Methods: The study population consisted of 207 patients with a clinical diagnosis prior to [18F]flutemetamol PET including mild cognitive impairment (MCI; n = 131), Alzheimer's disease (AD; n = 41), non-AD (n = 10), dementia not otherwise specified (dementia NOS; n = 20) and subjective cognitive decline (SCD; n = 5).
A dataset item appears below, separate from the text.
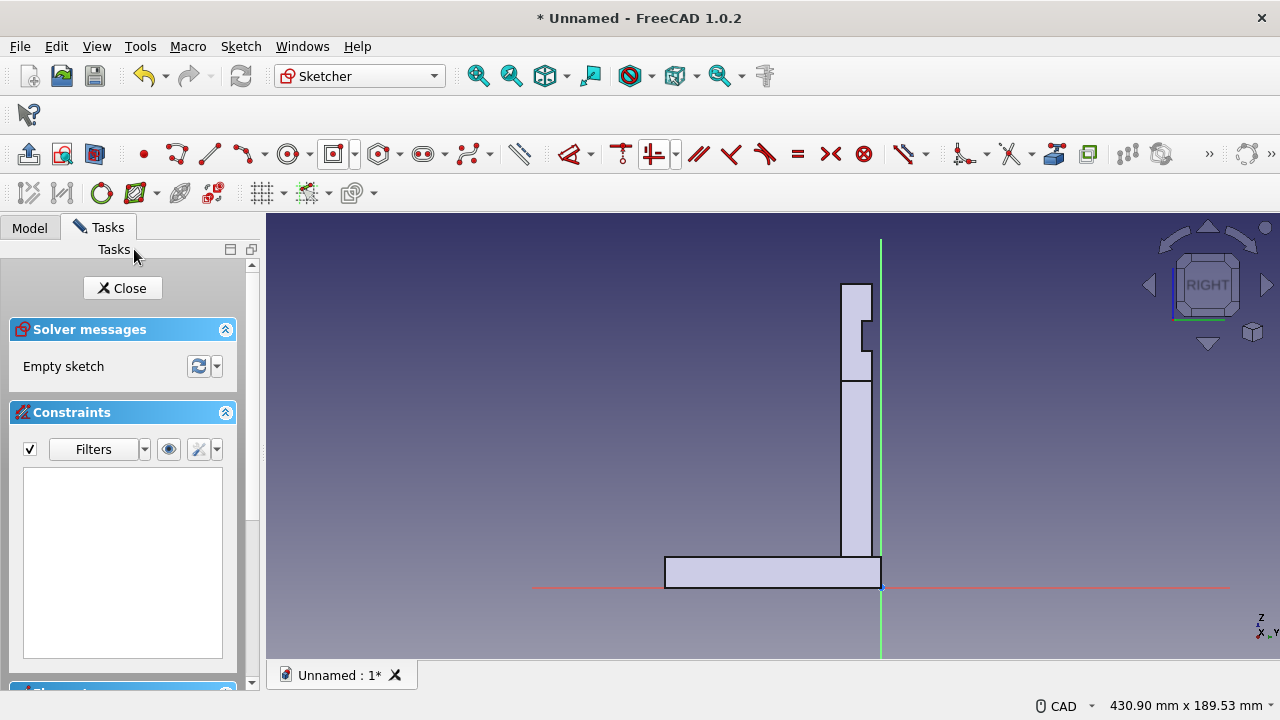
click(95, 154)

Results: Amyloid positivity was found in 53% of MCI, 68% of AD, 20% of non-AD, 20% of dementia NOS, and 60% of SCD patients. [18F]Flutemetamol PET led, overall, to a change in diagnosis in 92 of the 207 patients (44%). A high percentage of patients with a change in diagnosis was observed in the MCI group (n = 67, 51%) and in the dementia NOS group (n = 11; 55%), followed by the non-AD and AD (30% and 20%, respectively). A significant increase in cholinesterase inhibitor treatment was observed after [18F]flutemetamol PET (+218%, 34 patients before and 108 patients after).
Conclusion: The present study lends support to the clinical value of amyloid PET in patients with an uncertain diagnosis in the tertiary memory clinic setting.
Keywords: Alzheimer’s disease; Amyloid PET; Cholinesterase inhibitors; Diagnostic change; [18F]Flutemetamol.